In engineering, there are notions of object and background. Objects are ordinary things that have to be detected and examined (humans, vehicles, animals etc.), the background is everything else not covered by the object in the field of view (forest, grass, buildings etc.)
The operation of all thermal imaging systems is based on the perception of the temperature differences between two things i.e. an object against a background and on the conversion of that difference to a visible image. Because all bodies are not heated up equally a picture of IR distribution appears. The higher the difference between an objects IR radiation intensity and the background’s IR radiation intensity the more resolvable and with better contrast the thermal image will be. Contemporary thermal imaging devices are capable of detecting temperature differences of 0.015-0.07°C.
Most of the night vision units based on either image intensifier tubes or CMOS/CCD sensors detect IR radiation in the wavelength range of 0.78-1 µm, which is only a fraction higher than spectral sensitivity of the human eye. Thermal imaging units operate in wavelength range 3-555 µm (MWIR or medium wave infrared) and 8-14 µm (LWIR or long wave infrared). In this wavelength band, ground surface atmospheric layers are transparent for IR radiation and emissivity of observed objects with temperatures -50 - +50°C is the highest.

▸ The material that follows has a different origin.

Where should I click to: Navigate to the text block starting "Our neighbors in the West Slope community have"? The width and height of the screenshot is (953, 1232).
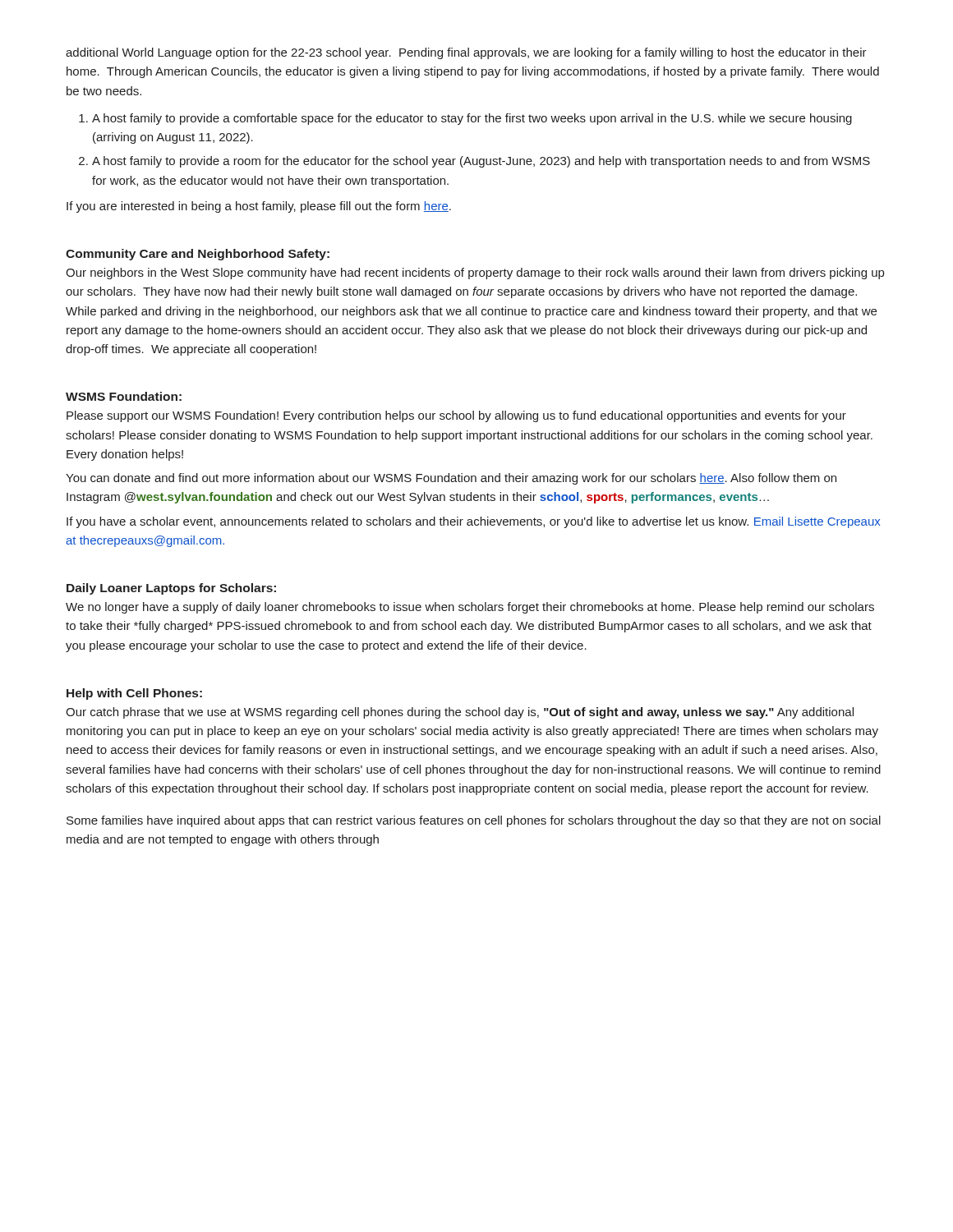coord(475,310)

The thermal imager is an electronic observation device, creating the image of temperature difference in an observed area of space. The fundamental component of every thermal imager is a microbolometer array (thermal sensor) and each picture element of this array (pixel) can measure temperature with high precision.
The advantage of thermal imagers lies in the fact that they do not need any external sources of illumination, they are passive systems which work well in both the daytime and pitch-black nighttime conditions. As mentioned before bad weather conditions such as fog or rain do not create obstacles for thermal imager, these conditions would make ordinary night vision units completely useless.
The operation of all thermal imaging devices can be simply described in the following way:
Thermal imagers have more in common with digital night vision devices than image intensified night vision devices (commonly referred to as analogue systems) and allow for a greater number of user-defined settings and adjustments.
For instance, brightness and contrast settings, image colour settings, the introduction of auxiliary information in the field of view (current time, battery charge level, icons of active modes etc.), digital zoom, picture-in-picture (displays zoomed image of the observed object or its part in an additional small window) and display OFF functions (used for energy saving and avoiding backlight exposure).
Thermal imaging and digital riflescopes can also have many functions that can aide the shooter such as multiple selectable reticles with various shapes and colours, convenient and fast zeroing functions like “one-shot zeroing” and “Freeze” zeroing, automatic distance-related correction functions, multiple zeroing profiles for different rifles, an indication of side tilt, elevation angle and many more.
In comparison with analogue night vision riflescopes, the reticle in digital and thermal imaging devices is usually “digital”, i.e. the reticle image is overlaid on the scene image by video processing. With the image of the observed object and reticles being located in the same plane (the display plane) effects such as parallax are eliminated. The reticle is moved electronically which allows for the removal of the mechanical correction elements usually found on analogue riflescopes. Therefore these mechanical correction elements, that require a costly precision manufacturing and assembly process, can be enitely removed from digital and thermal devices.
Thermal imagers can also have built-in video recorders for capturing images and videos of observed objects and many other auxiliary functions, such as wireless data (photo, video) transmission (radio channel, Wi-Fi) to external devices, remote control of the unit (using a mobile device for instance), integration with a laser rangefinder (with data from rangefinder appearing on the screen of the unit) and integration with GPS-sensors (geopositioning) etc.